# Components:
→ Chocolate Base
01 - 7 oz premium dark chocolate (70% cocoa), finely chopped
02 - 3.5 oz milk chocolate, finely chopped
03 - 2.8 oz unsalted butter
04 - 2.7 fl oz heavy cream
→ Crunch Layer
05 - 2.8 oz crushed pistachios
06 - 2.1 oz crushed digestive biscuits
07 - 1.1 oz toasted coconut flakes
→ Spiced Date Caramel
08 - 4.2 oz Medjool dates, pitted
09 - 2 fl oz water
10 - 1/2 teaspoon ground cardamom
11 - 1/4 teaspoon fine sea salt
→ Garnish
12 - Edible gold leaf, optional
13 - 2 tablespoons chopped dried rose petals
14 - Extra chopped pistachios
# Method:
01 - Place dark chocolate, milk chocolate, and butter into a heatproof bowl. Melt over a gently simmering saucepan using a double boiler, stirring continuously until smooth and glossy. Remove from heat and whisk in heavy cream until fully blended. Allow to cool slightly.
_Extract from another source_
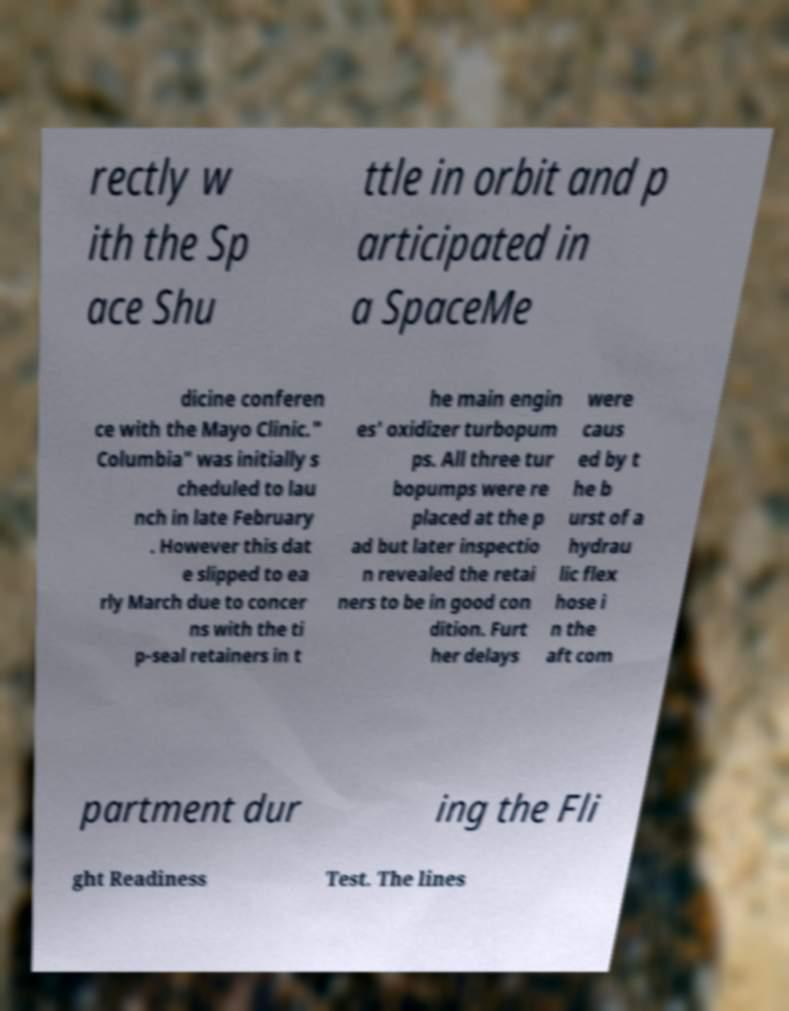What messages or text are displayed in this image? I need them in a readable, typed format. rectly w ith the Sp ace Shu ttle in orbit and p articipated in a SpaceMe dicine conferen ce with the Mayo Clinic." Columbia" was initially s cheduled to lau nch in late February . However this dat e slipped to ea rly March due to concer ns with the ti p-seal retainers in t he main engin es' oxidizer turbopum ps. All three tur bopumps were re placed at the p ad but later inspectio n revealed the retai ners to be in good con dition. Furt her delays were caus ed by t he b urst of a hydrau lic flex hose i n the aft com partment dur ing the Fli ght Readiness Test. The lines 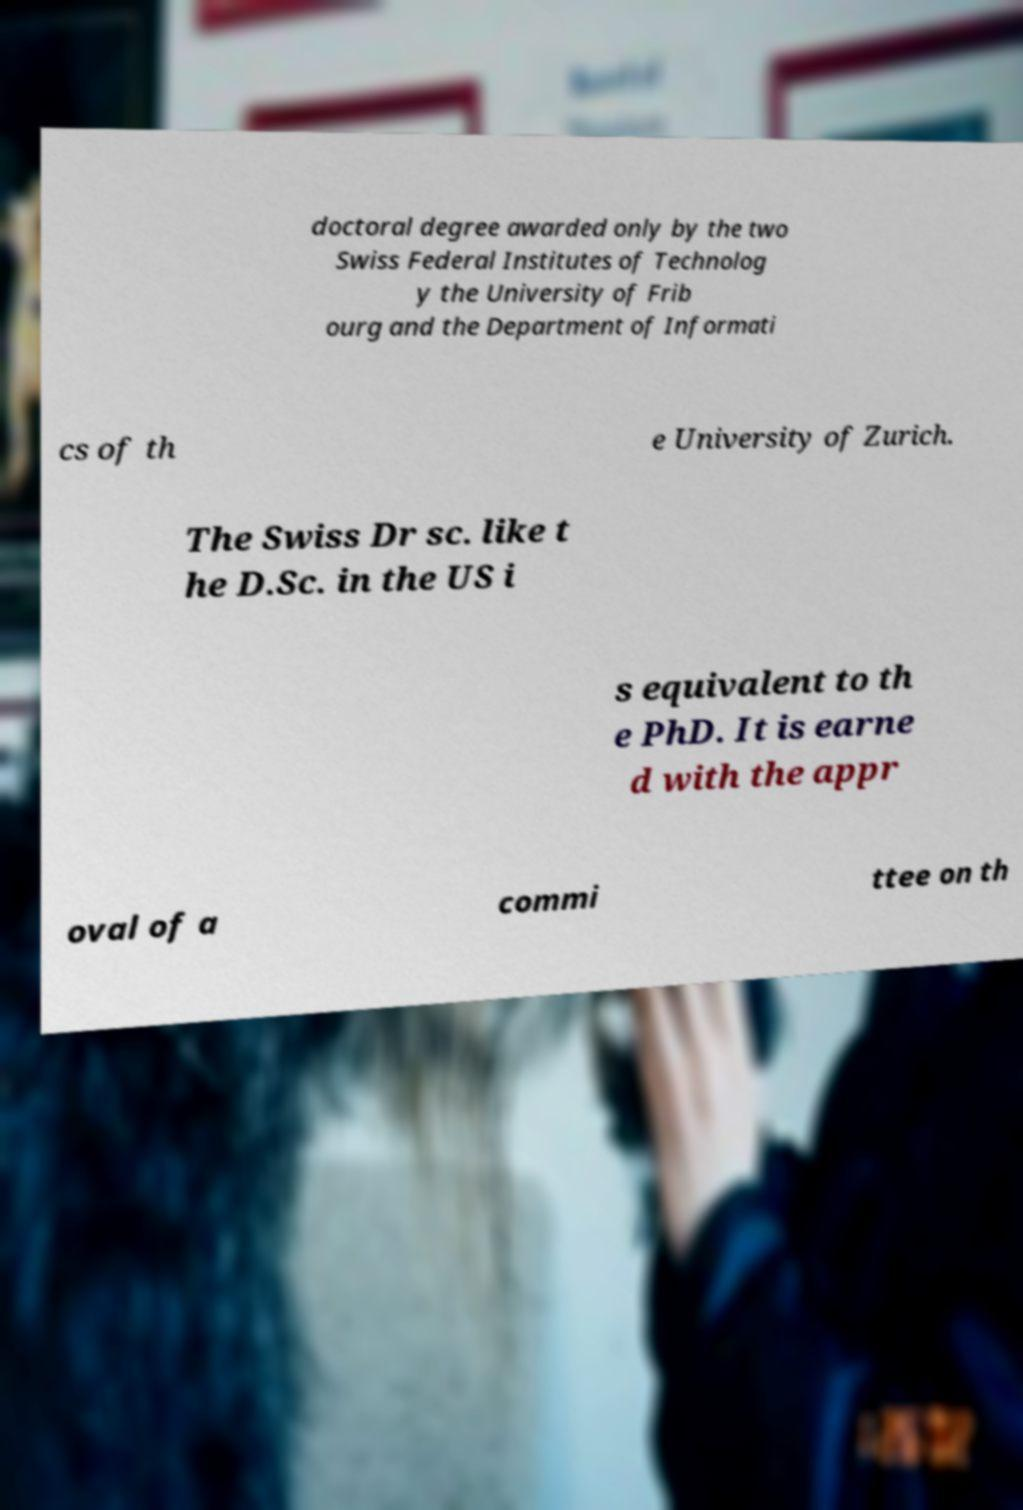Please identify and transcribe the text found in this image. doctoral degree awarded only by the two Swiss Federal Institutes of Technolog y the University of Frib ourg and the Department of Informati cs of th e University of Zurich. The Swiss Dr sc. like t he D.Sc. in the US i s equivalent to th e PhD. It is earne d with the appr oval of a commi ttee on th

02 - Line an 8-inch square pan with parchment paper, ensuring overhang for easy removal. Evenly spread the melted chocolate mixture in the lined pan using a spatula.
03 - Distribute crushed pistachios, digestive biscuit crumbs, and toasted coconut flakes evenly over the chocolate base. Gently press the toppings into the chocolate using a spatula to set the layer.
04 - Combine pitted dates, water, ground cardamom, and fine sea salt in a small saucepan. Cook on low heat, stirring frequently, until dates are softened and most water is absorbed, about 5 minutes. Transfer the mixture to a blender or use an immersion blender to puree until completely smooth.
05 - Dollop or swirl the blended spiced date caramel across the crunchy chocolate base for even flavor distribution.
06 - Cover and refrigerate for at least 2 hours, or until the layers have fully set and firmed up.
07 - Remove from the pan using the parchment overhang. Using a sharp knife, slice into bars or squares. Adorn each piece with edible gold leaf, chopped dried rose petals, and additional pistachios for visual and textural appeal.